In microaerophilic culture, tiny colonies in numerous numbers were detected at 7 days postinoculation of the swab of the cow heart. The isolate was a Gram-negative, very tiny coccobacillus that did not change litmus milk and triple sugar iron agar. The isolate was negative for sulfide-indole-motility medium and also negative for esculin hydrolysis, phenylalanine deaminase, nitrate reduction, and gelatin hydrolysis. The isolate did not produce acid from glycerol, inulin, lactose, maltose, mannose, raffinose, salicin, sorbitol, sucrose, trehalose, glycogen, ribose, and starch. Because of the site of isolation, microaerophilic nature, and biochemical characteristics, the isolate was subjected to 6 different PCR tests targeting the gltA, ribC, ssrA, 16S rRNA, ftsZ, and rpoB genes of Bartonella spp. These PCR reactions showed that the isolate was Bartonella-positive by all 6 examined genes. Sequence analyses provided strong support that the isolate was B. bovis with 100% identity to the type strain of B. bovis in the gltA, ribC, ssrA, and 16S rRNA genes. The ftsZ and rpoB sequences also showed close relatedness to the type strain of B. bovis with 99.9% and 99.6% similarities, respectively.
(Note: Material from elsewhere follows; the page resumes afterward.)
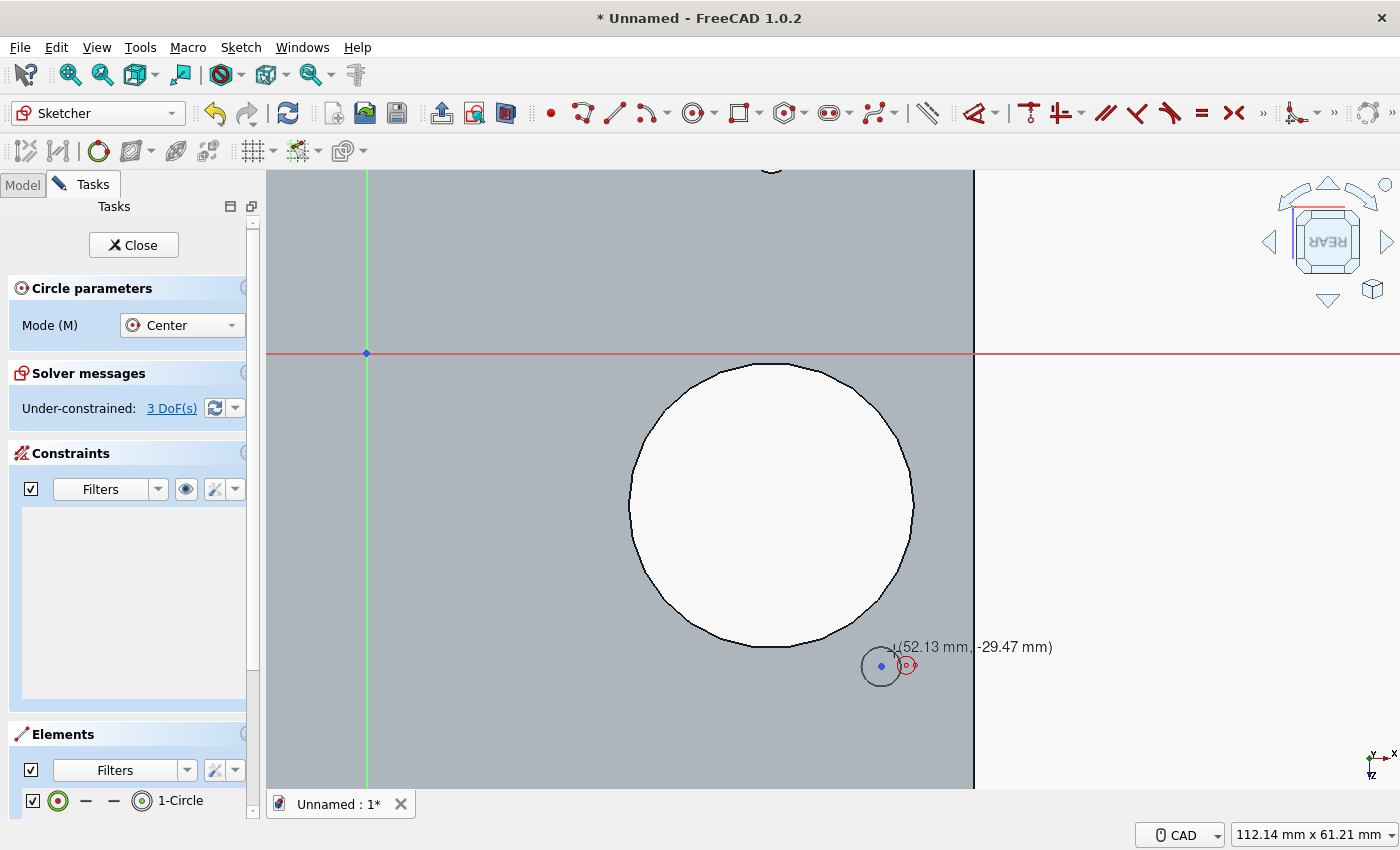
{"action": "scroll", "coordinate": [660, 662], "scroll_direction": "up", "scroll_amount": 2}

Bacterial valvular endocarditis is often missed or misdiagnosed and usually not discovered till necropsy or slaughtering. ¹⁰ Bartonella species can cause endocarditis in some other animals and human beings.^3-5 Cattle are thought to be the main reservoir for B. bovis. ⁹ The Angus cow described in the current report from a farm with 150 cattle; none of them showed any clinical signs. The cow was found dead in the field and brought to the UKVDL for necropsy. Because the organism is fastidious and difficult to culture, several enriched liquid and solid media have been reported. ⁵ However, the detection mostly relies on PCR and DNA sequencing methods targeting genes of gltA, ¹² 16SrRNA,^11,14 rpoB, ¹³ ribC, ⁸ ftsZ, ¹⁵ and ssrA. ⁷ In the present study, blood agar media supported the growth of B. bovis. According to a 2006 study, the level of bacteremia was higher in pregnant cows than in nonpregnant cows (P = 0.05), and the level of bacteremia rose during the last two-thirds of gestation (P < 0.001). ⁹ Interestingly, the cow presented herein was also pregnant.

Bartonella bovis has been detected in cattle with endocarditis by PCR, DNA sequencing, and serology.^3,10 However, in these prior studies, the organisms were not isolated in culture, a feature of the current study. Practitioners and pathologists should keep in mind the possibility of Bartonella involvement in endocarditis cases and alert microbiologists to the possibility of Bartonella infections. Microbiologists should also consider incubating culture media beyond the accepted standard period (2–3 days) to enhance the recovery of Bartonella species.